In this study, although dependency is a widely known and verified phenomenon specially in medical imaging, it is meaningful that we have proven this phenomenon to the first time in 1-D signals such as bio-signals. It was performed using Resnet, which is the most widely used ECG classification algorithm, but it do not solved dependency problem. Various normalizing methods were tried, while the dependency could not be perfectly removed.

When evaluate the external data extracted from NSRDB, all trained Resnet 50 models with the LTAFDB, AFDB, and MITDB showed specificity more than 95% and false positive rate about 2–4%. The specificities of the trained models tested with NSRDB was higher than that of the trained models with other databases except the database used for building the model. These results implies that normal sinus rhythm of healthy patients less suffers from data dependency.

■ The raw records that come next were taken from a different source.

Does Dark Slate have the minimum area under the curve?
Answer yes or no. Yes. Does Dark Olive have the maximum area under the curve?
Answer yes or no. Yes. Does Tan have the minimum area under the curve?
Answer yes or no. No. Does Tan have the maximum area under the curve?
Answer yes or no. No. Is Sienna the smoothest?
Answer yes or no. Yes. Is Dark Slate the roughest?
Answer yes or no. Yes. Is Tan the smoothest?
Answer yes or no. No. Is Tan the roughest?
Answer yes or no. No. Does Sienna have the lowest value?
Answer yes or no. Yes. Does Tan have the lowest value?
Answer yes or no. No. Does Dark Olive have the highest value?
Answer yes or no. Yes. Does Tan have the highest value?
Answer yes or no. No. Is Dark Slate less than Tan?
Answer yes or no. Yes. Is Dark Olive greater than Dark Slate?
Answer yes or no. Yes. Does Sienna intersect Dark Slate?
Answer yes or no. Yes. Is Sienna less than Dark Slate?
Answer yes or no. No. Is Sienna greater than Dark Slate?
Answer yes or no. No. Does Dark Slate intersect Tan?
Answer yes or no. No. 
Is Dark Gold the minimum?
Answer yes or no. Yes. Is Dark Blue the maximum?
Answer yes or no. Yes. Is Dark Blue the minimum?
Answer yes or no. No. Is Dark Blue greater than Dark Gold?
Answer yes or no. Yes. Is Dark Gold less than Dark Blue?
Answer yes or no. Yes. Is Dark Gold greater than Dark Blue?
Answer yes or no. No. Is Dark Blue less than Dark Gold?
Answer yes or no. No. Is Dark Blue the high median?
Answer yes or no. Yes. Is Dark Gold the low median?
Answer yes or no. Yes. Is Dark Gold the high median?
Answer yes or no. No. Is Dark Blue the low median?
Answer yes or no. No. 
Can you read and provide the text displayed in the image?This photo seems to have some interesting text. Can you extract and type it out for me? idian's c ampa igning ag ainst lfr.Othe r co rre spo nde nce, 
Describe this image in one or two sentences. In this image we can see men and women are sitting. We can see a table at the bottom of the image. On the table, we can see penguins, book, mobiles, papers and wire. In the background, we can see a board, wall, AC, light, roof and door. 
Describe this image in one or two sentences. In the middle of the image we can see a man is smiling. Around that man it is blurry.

The data dependency in building AI models can be caused by several aspects. Data imbalance is one of the most common cause. If a database has AF events far lesser than normal rhythms, this is common in medical databases in general, the performance can be biased and the performance can be drop when tested with external database. Another problem is noise in ECG signals by motion artifact or other reasons. Physical movement of patient when measuring ECG can cause wandering of baseline of ECG or unwanted noises. These noises can be minimized from digital filtering or other signal processing. However, during these processes, distortion or losing characteristic waveform of the original ECG can occur and the processed signals can have different characteristics according to the method of the preprocessing. The performance of AI models can lower due to the difference in preprocessing method of the database. The other problem is discrepancy in measuring hardware. There are several companies making devices for measuring ECG. These devices have different in hardware settings, such as amplifier configuration, filters, and gain, and software settings, such as sampling frequency and resolution. The waveforms from approved ECG devices do not differ largely, and resampling or normalization technique can reduce these problems but not perfectly resolve.

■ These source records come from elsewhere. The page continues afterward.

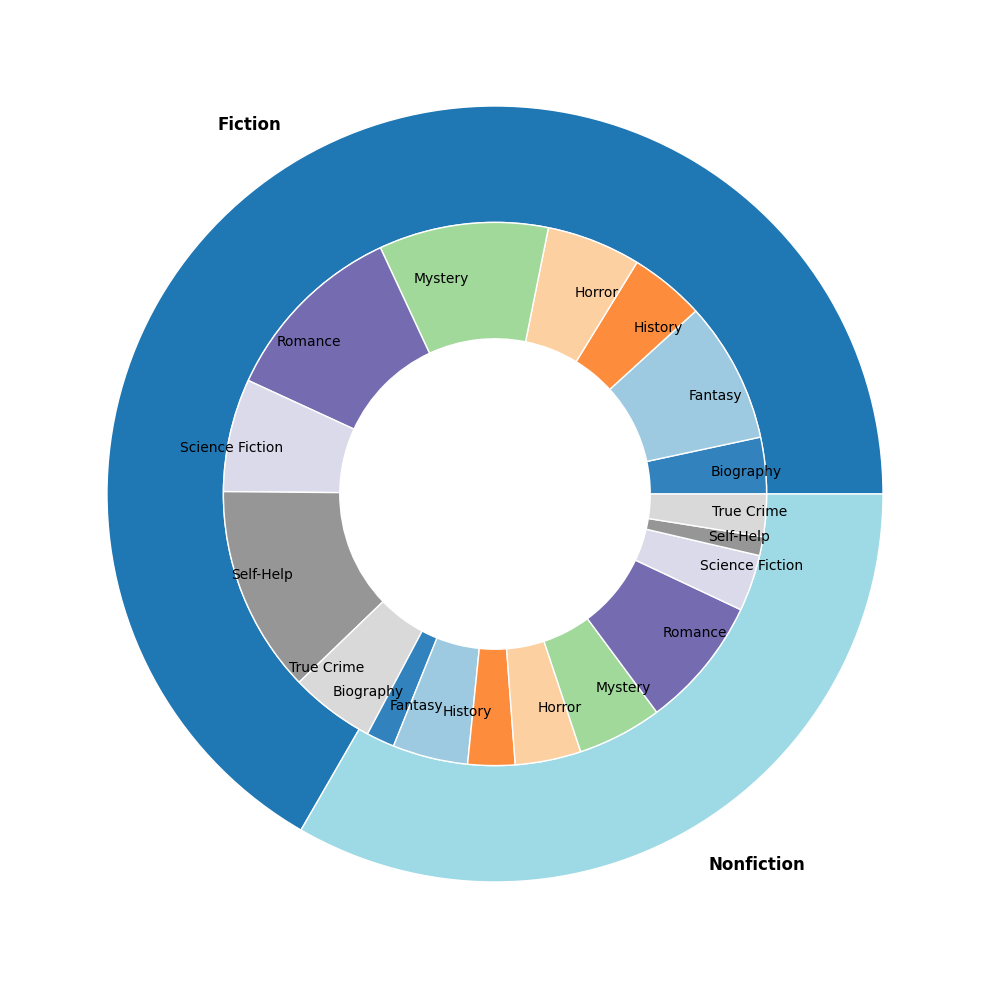What is the total count of Fiction literature and film subgenres combined? To find the total count, add up the counts of all subgenres within the Fiction genre for both literature and film. That is 150 (Fantasy Literature) + 80 (Fantasy Film) + 120 (Science Fiction Literature) + 60 (Science Fiction Film) + 200 (Romance Literature) + 140 (Romance Film) + 100 (Horror Literature) + 70 (Horror Film) + 180 (Mystery Literature) + 90 (Mystery Film).
Answer: 1190 Which Fiction subgenre has the highest count in Literature? Look at the outer ring of the nested pie chart representing Fiction literature subgenres and identify the wedge with the largest size. Romance appears largest. Romance Literature has 200.
Answer: Romance How does the count of Science Fiction films compare to Mystery films? Locate the subgenre wedges for Science Fiction and Mystery within the film medium in the inner ring. The count for Science Fiction Film is 60 and for Mystery Film is 90. Compare the two values: 60 < 90.
Answer: Mystery films have a higher count Are there more counts of Nonfiction literature or film for the subgenre Biography? Compare the sizes of the wedges representing Biography in the Nonfiction literature and film categories. Biography Literature has 60 and Biography Film has 30. 60 > 30.
Answer: Nonfiction literature In which medium (Literature or Film) does the Self-Help subgenre have a greater representation? Compare the Self-Help wedges in both literature and film mediums. The count for Self-Help Literature is 220 and for Self-Help Film is 20. 220 > 20.
Answer: Literature 
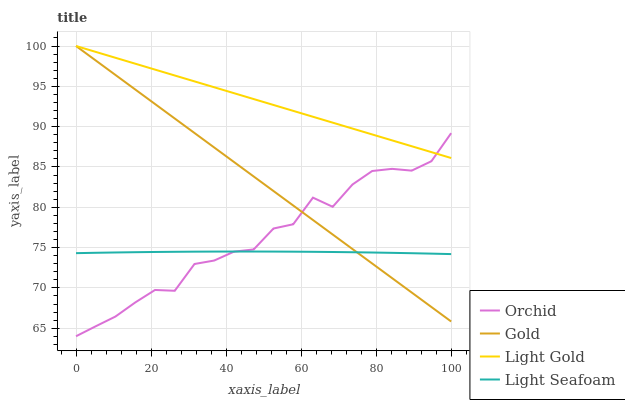Does Light Seafoam have the minimum area under the curve?
Answer yes or no. Yes. Does Light Gold have the maximum area under the curve?
Answer yes or no. Yes. Does Gold have the minimum area under the curve?
Answer yes or no. No. Does Gold have the maximum area under the curve?
Answer yes or no. No. Is Gold the smoothest?
Answer yes or no. Yes. Is Orchid the roughest?
Answer yes or no. Yes. Is Light Gold the smoothest?
Answer yes or no. No. Is Light Gold the roughest?
Answer yes or no. No. Does Orchid have the lowest value?
Answer yes or no. Yes. Does Gold have the lowest value?
Answer yes or no. No. Does Gold have the highest value?
Answer yes or no. Yes. Does Orchid have the highest value?
Answer yes or no. No. Is Light Seafoam less than Light Gold?
Answer yes or no. Yes. Is Light Gold greater than Light Seafoam?
Answer yes or no. Yes. Does Light Seafoam intersect Orchid?
Answer yes or no. Yes. Is Light Seafoam less than Orchid?
Answer yes or no. No. Is Light Seafoam greater than Orchid?
Answer yes or no. No. Does Light Seafoam intersect Light Gold?
Answer yes or no. No. 
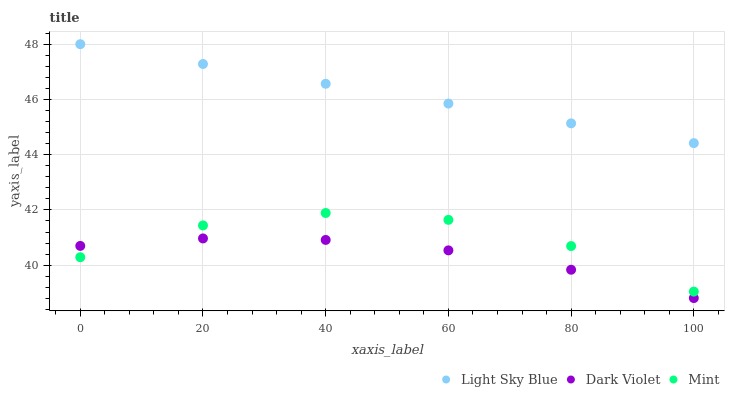Does Dark Violet have the minimum area under the curve?
Answer yes or no. Yes. Does Light Sky Blue have the maximum area under the curve?
Answer yes or no. Yes. Does Mint have the minimum area under the curve?
Answer yes or no. No. Does Mint have the maximum area under the curve?
Answer yes or no. No. Is Light Sky Blue the smoothest?
Answer yes or no. Yes. Is Mint the roughest?
Answer yes or no. Yes. Is Dark Violet the smoothest?
Answer yes or no. No. Is Dark Violet the roughest?
Answer yes or no. No. Does Dark Violet have the lowest value?
Answer yes or no. Yes. Does Mint have the lowest value?
Answer yes or no. No. Does Light Sky Blue have the highest value?
Answer yes or no. Yes. Does Mint have the highest value?
Answer yes or no. No. Is Mint less than Light Sky Blue?
Answer yes or no. Yes. Is Light Sky Blue greater than Mint?
Answer yes or no. Yes. Does Dark Violet intersect Mint?
Answer yes or no. Yes. Is Dark Violet less than Mint?
Answer yes or no. No. Is Dark Violet greater than Mint?
Answer yes or no. No. Does Mint intersect Light Sky Blue?
Answer yes or no. No. 
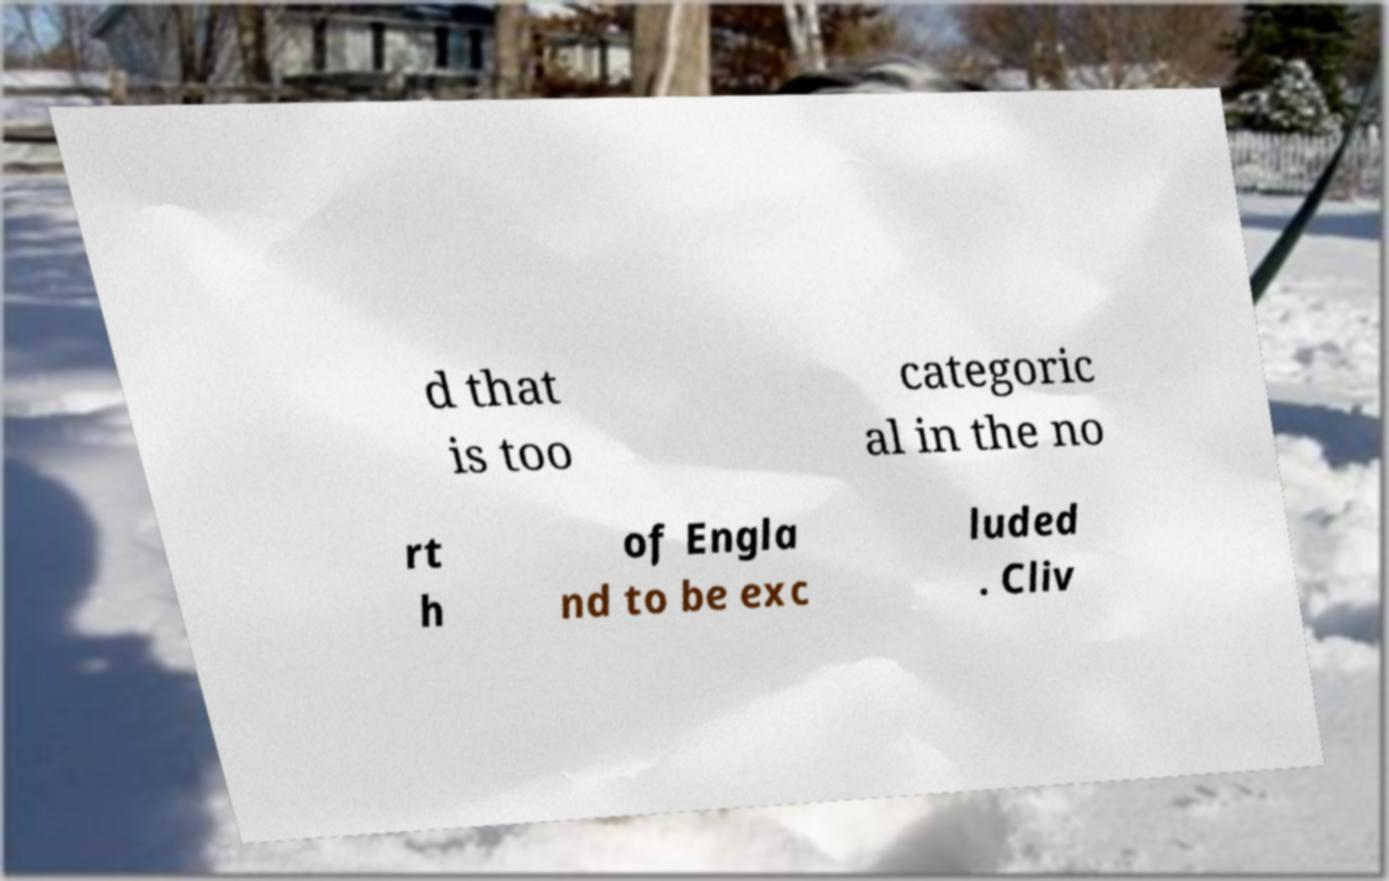Can you accurately transcribe the text from the provided image for me? d that is too categoric al in the no rt h of Engla nd to be exc luded . Cliv

It can be concluded that it is necessary to validate the deep learning based AF detection algorithm using the various external databases at the developing step to avoid the data dependency.

Limitation

There are some limitations in this study. Initially, this study was implemented with only one deep learning architecture, Resnet. Evaluation using other deep learning architectures will be helpful in investigating the data dependency. Secondly, “Non-AF” classes in the MITDB and LTAFDB are composed of normal sinus rhythm but “Non-AF” class in the AFDB is composed of all other rhythm because of the absence of normal sinus rhythm annotation. This limitation may lead to low specificity when evaluate the AFDB. However, the performance of sensitivity could be effectively reflected. Thirdly, the data used in this study is from three open-source databases, LTAFDB, AFDB, and MITDB. The using more databases collected from various location, device, and setting will be helpful to effective research results.

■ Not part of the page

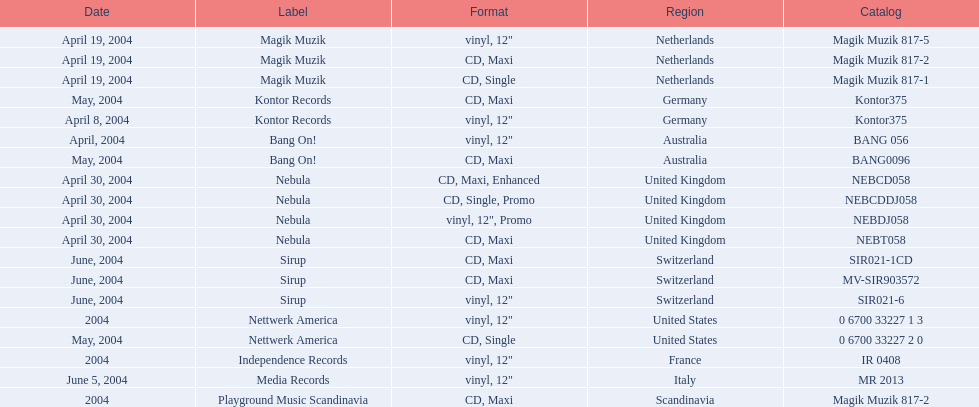What label was used by the netherlands in love comes again? Magik Muzik. What label was used in germany? Kontor Records. What label was used in france? Independence Records. 
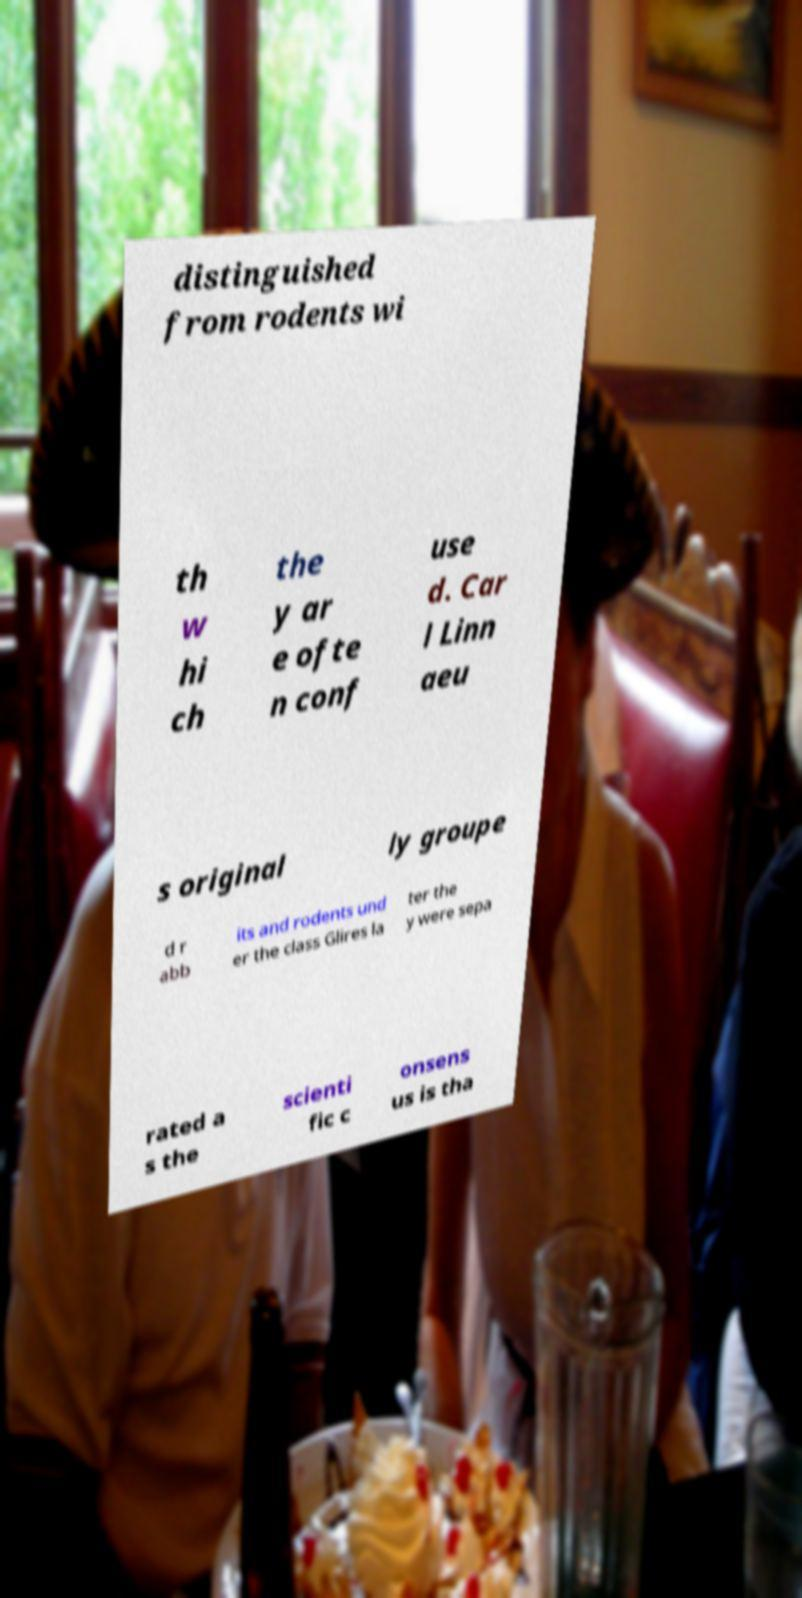There's text embedded in this image that I need extracted. Can you transcribe it verbatim? distinguished from rodents wi th w hi ch the y ar e ofte n conf use d. Car l Linn aeu s original ly groupe d r abb its and rodents und er the class Glires la ter the y were sepa rated a s the scienti fic c onsens us is tha

The MITDB has the imbalanced and smallest amount of data among the databases used in this study. The trained models of those show a largest data dependency in the experiment results. On the contrary, the LTAFDB has the largest amount of data among them. In the trained model with LTAFDB, the data dependency is lower than other trained models. Also, these results imply that training the deep learning model using the large amount and balanced data can decrease the data dependency on the AF detection algorithm. However, the acquisition and use of large amount AF data may be difficult because of the patient privacy and legal issues for healthcare data.